*** Begin section ***

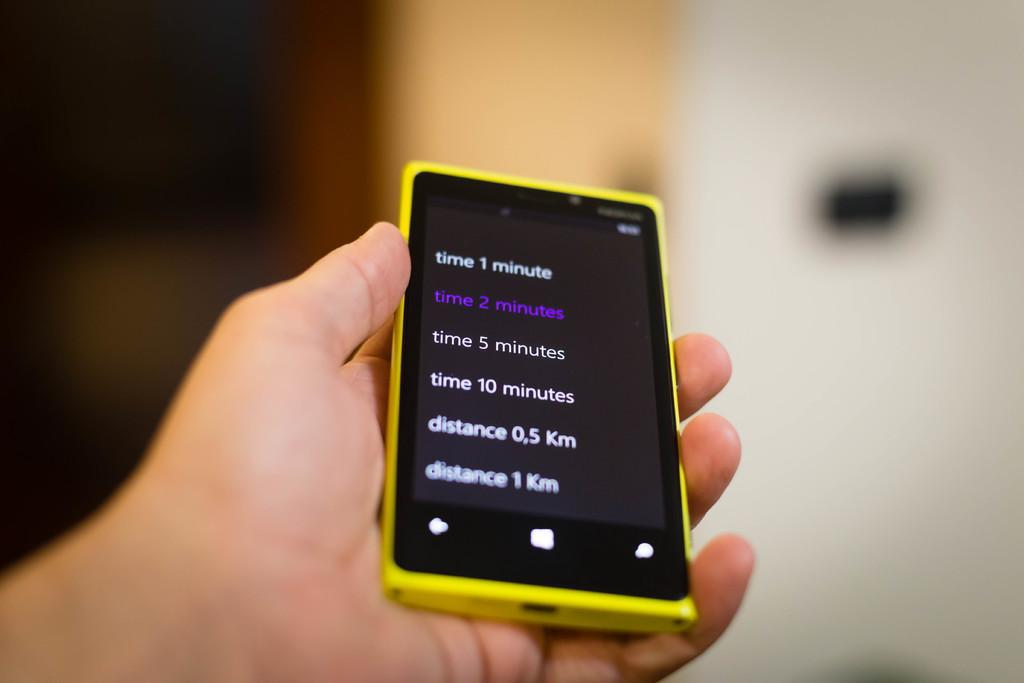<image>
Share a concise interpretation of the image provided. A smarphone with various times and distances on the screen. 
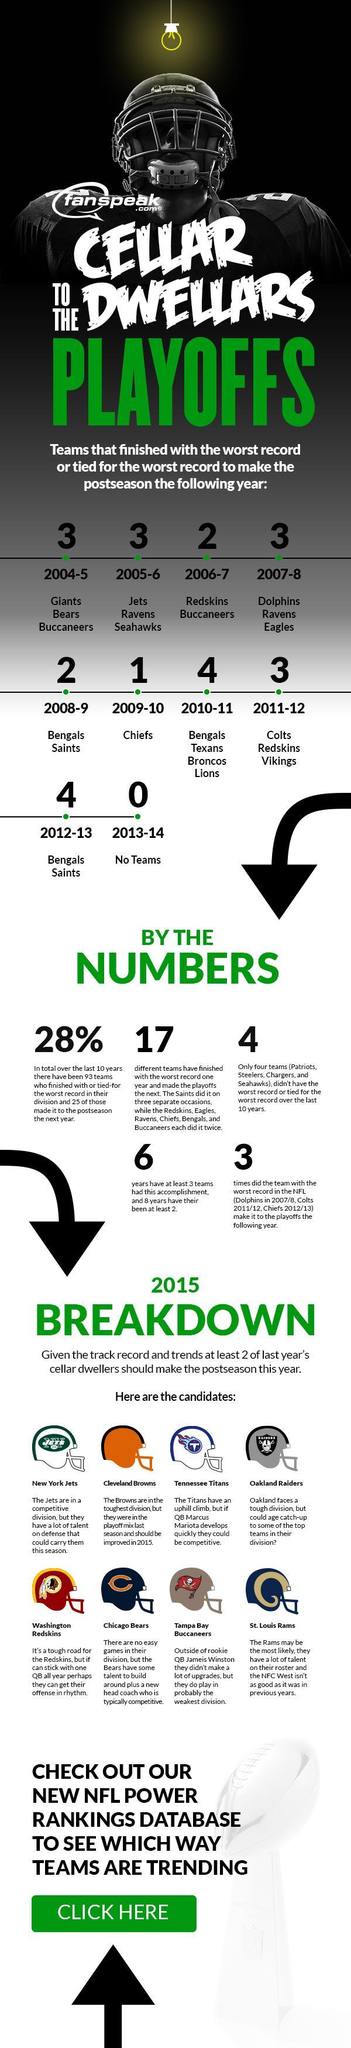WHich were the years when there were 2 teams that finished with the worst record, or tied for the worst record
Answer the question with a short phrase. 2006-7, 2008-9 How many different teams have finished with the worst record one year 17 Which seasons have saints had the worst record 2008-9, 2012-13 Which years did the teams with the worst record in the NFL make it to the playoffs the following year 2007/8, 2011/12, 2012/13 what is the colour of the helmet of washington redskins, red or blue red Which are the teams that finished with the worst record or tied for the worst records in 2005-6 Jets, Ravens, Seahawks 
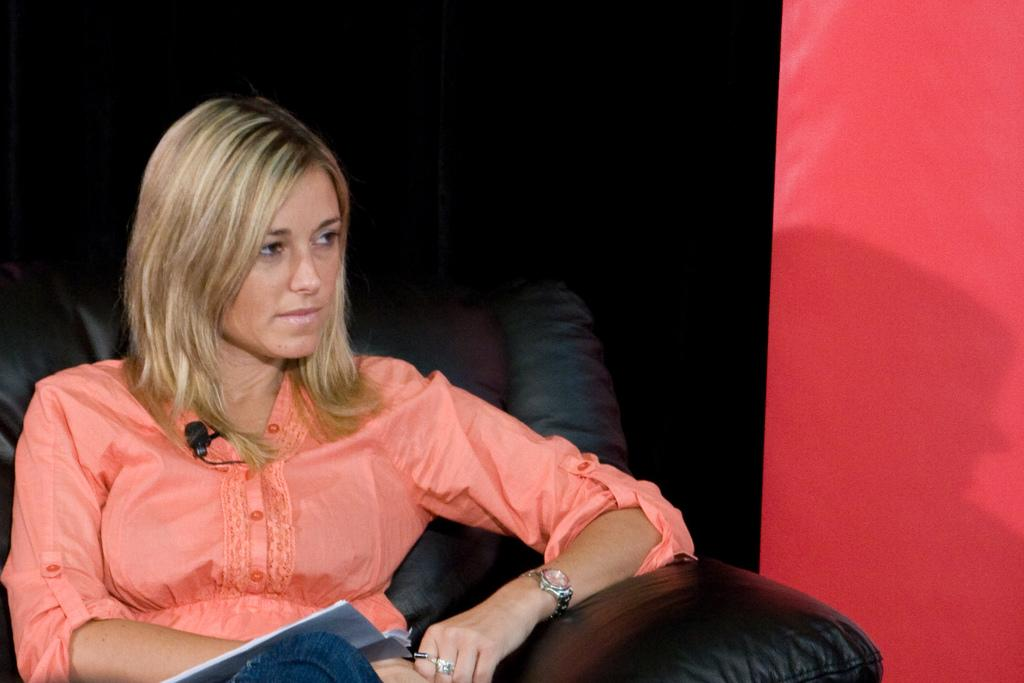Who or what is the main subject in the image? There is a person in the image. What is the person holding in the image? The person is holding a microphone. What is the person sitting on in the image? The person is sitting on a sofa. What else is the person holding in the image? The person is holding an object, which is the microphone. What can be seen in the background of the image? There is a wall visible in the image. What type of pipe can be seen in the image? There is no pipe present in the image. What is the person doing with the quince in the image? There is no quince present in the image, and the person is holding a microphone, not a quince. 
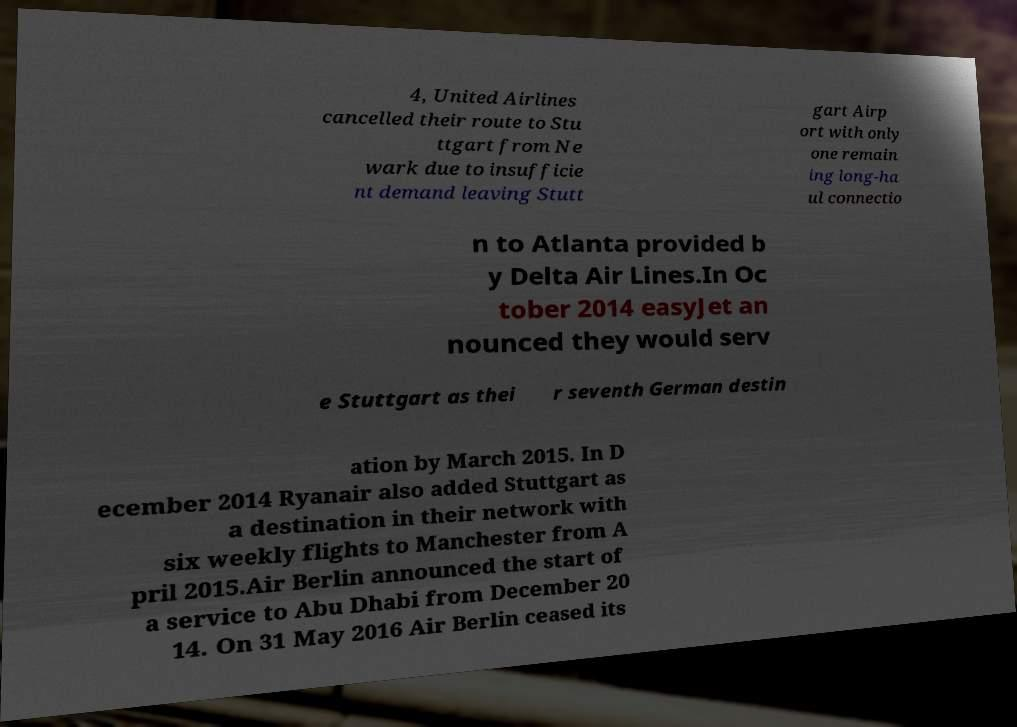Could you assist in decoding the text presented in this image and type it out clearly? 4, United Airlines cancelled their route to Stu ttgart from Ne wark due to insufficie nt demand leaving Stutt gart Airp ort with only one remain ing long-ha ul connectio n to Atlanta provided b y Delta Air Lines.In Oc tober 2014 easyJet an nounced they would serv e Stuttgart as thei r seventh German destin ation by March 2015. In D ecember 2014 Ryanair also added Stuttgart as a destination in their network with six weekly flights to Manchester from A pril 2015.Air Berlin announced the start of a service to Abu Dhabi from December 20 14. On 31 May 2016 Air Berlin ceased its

*** End section ***

Task brief:
Only the lines from the beginning of the records up to and including the line with "Answer the question" should appear, exactly as they are, and no pictures.

Problem solution:
<image>
Share a concise interpretation of the image provided. A smarphone with various times and distances on the screen. 
WHich were the years when there were 2 teams that finished with the worst record, or tied for the worst record
Answer the question with a short phrase. 2006-7, 2008-9 How many different teams have finished with the worst record one year 17 Which seasons have saints had the worst record 2008-9, 2012-13 Which years did the teams with the worst record in the NFL make it to the playoffs the following year 2007/8, 2011/12, 2012/13 what is the colour of the helmet of washington redskins, red or blue red Which are the teams that finished with the worst record or tied for the worst records in 2005-6 Jets, Ravens, Seahawks 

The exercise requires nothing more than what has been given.